• **How to complete this task**: Copy out each line of the data that holds the word "cuboid".

(Records excerpted from a collection)
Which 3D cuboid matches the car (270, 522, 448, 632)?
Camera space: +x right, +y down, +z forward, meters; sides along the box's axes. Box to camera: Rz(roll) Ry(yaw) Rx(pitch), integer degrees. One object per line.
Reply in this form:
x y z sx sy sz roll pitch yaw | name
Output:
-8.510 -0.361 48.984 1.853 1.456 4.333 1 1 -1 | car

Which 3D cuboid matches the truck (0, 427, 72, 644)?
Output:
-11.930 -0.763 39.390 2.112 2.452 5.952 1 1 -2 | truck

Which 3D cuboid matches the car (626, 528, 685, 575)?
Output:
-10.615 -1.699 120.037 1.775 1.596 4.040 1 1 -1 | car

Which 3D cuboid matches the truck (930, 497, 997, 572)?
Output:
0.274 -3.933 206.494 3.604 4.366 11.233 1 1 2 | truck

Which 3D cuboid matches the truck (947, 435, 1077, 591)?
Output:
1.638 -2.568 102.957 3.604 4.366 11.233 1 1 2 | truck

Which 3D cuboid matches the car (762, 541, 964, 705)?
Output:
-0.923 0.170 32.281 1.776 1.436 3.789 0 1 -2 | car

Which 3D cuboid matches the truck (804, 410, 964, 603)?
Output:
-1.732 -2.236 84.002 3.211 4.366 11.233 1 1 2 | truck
* * *
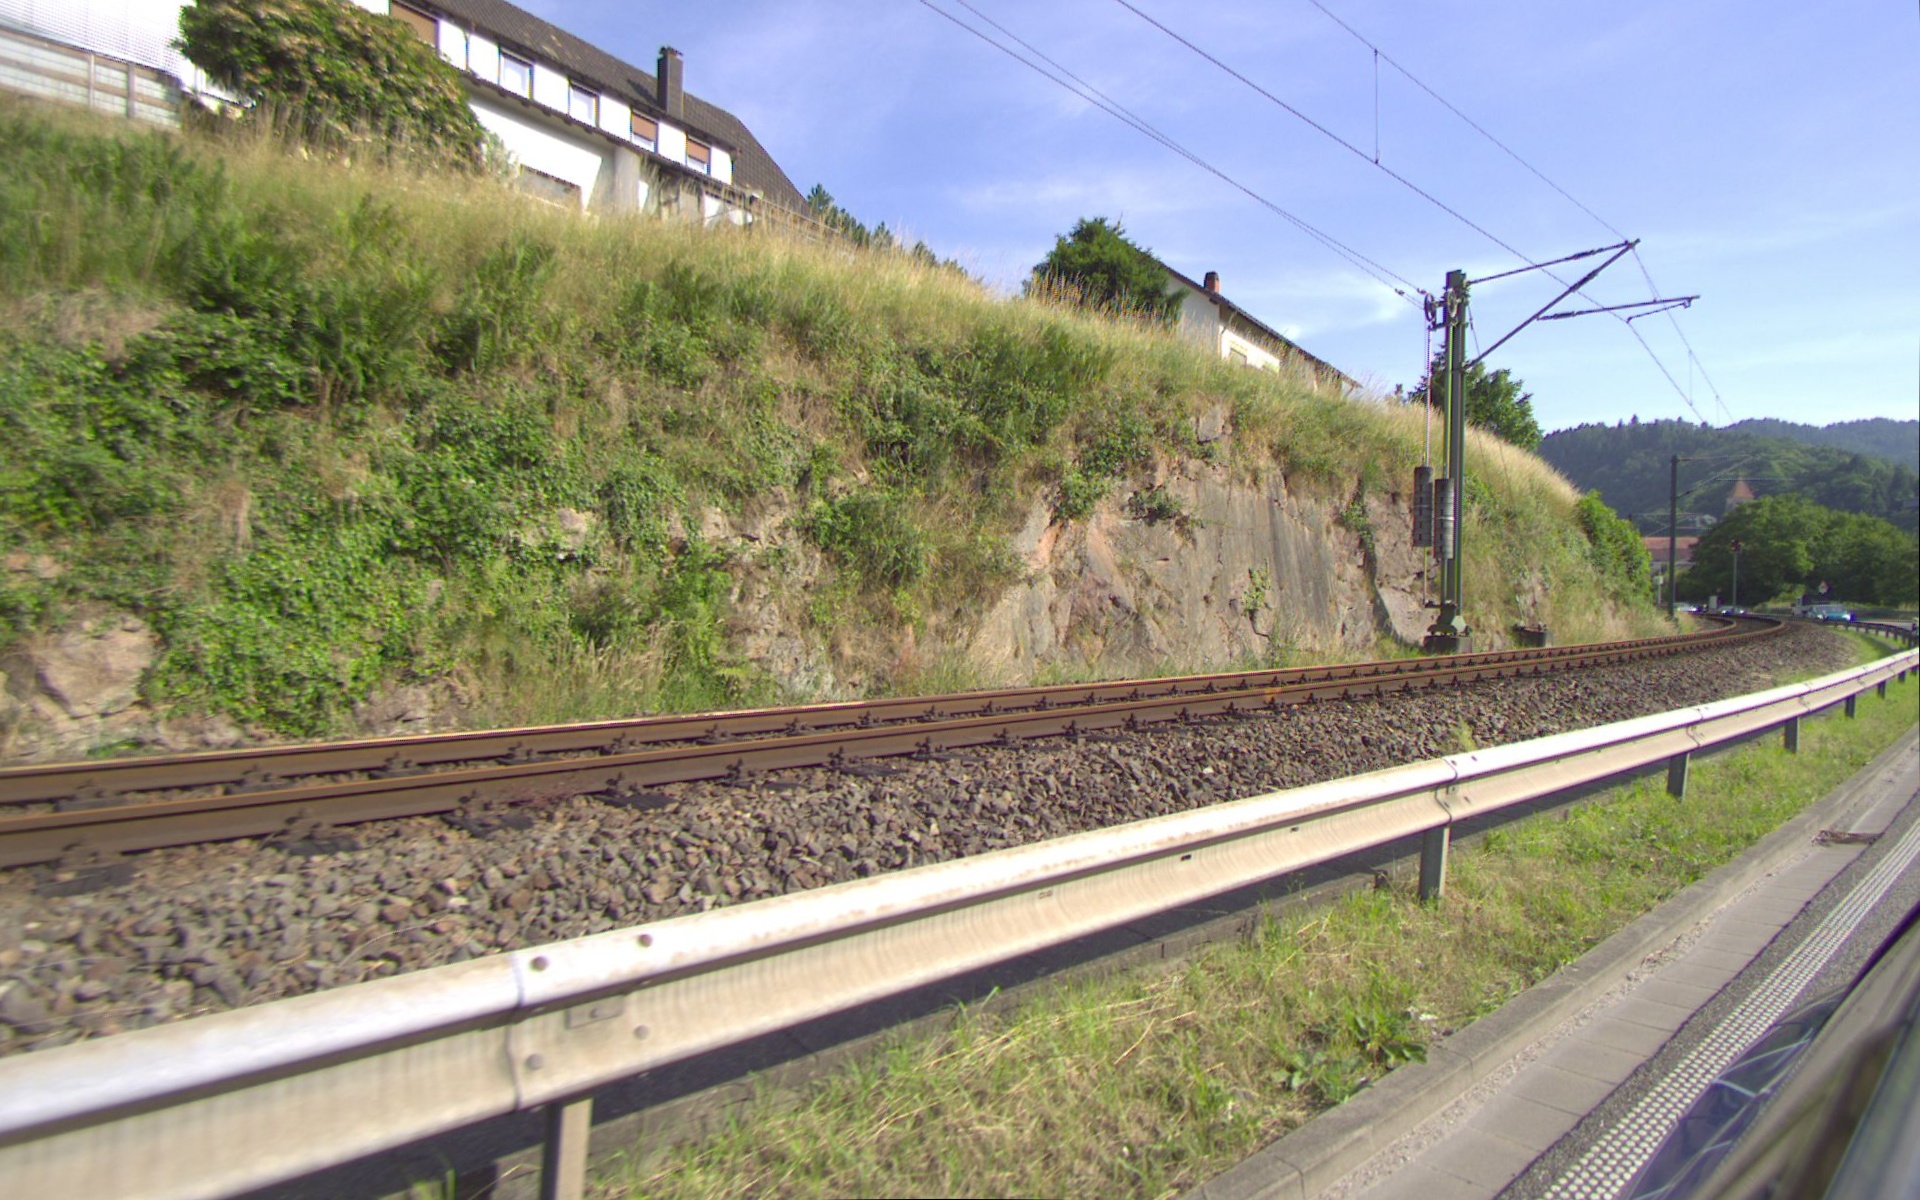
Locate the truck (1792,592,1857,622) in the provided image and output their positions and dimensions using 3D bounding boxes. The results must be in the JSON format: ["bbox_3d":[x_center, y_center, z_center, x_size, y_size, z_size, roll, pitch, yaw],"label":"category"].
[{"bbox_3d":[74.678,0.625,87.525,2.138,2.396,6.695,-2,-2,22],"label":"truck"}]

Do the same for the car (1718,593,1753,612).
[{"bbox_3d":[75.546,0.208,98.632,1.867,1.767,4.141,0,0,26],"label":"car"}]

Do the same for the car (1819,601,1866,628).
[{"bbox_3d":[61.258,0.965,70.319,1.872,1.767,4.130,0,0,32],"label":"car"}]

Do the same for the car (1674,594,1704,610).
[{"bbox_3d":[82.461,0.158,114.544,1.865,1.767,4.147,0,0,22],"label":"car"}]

• **Result for this task**:
Which 3D cuboid matches the car (270, 522, 448, 632)?
Which 3D cuboid matches the truck (0, 427, 72, 644)?
Which 3D cuboid matches the car (626, 528, 685, 575)?
Which 3D cuboid matches the truck (930, 497, 997, 572)?
Which 3D cuboid matches the truck (947, 435, 1077, 591)?
Which 3D cuboid matches the car (762, 541, 964, 705)?
Which 3D cuboid matches the truck (804, 410, 964, 603)?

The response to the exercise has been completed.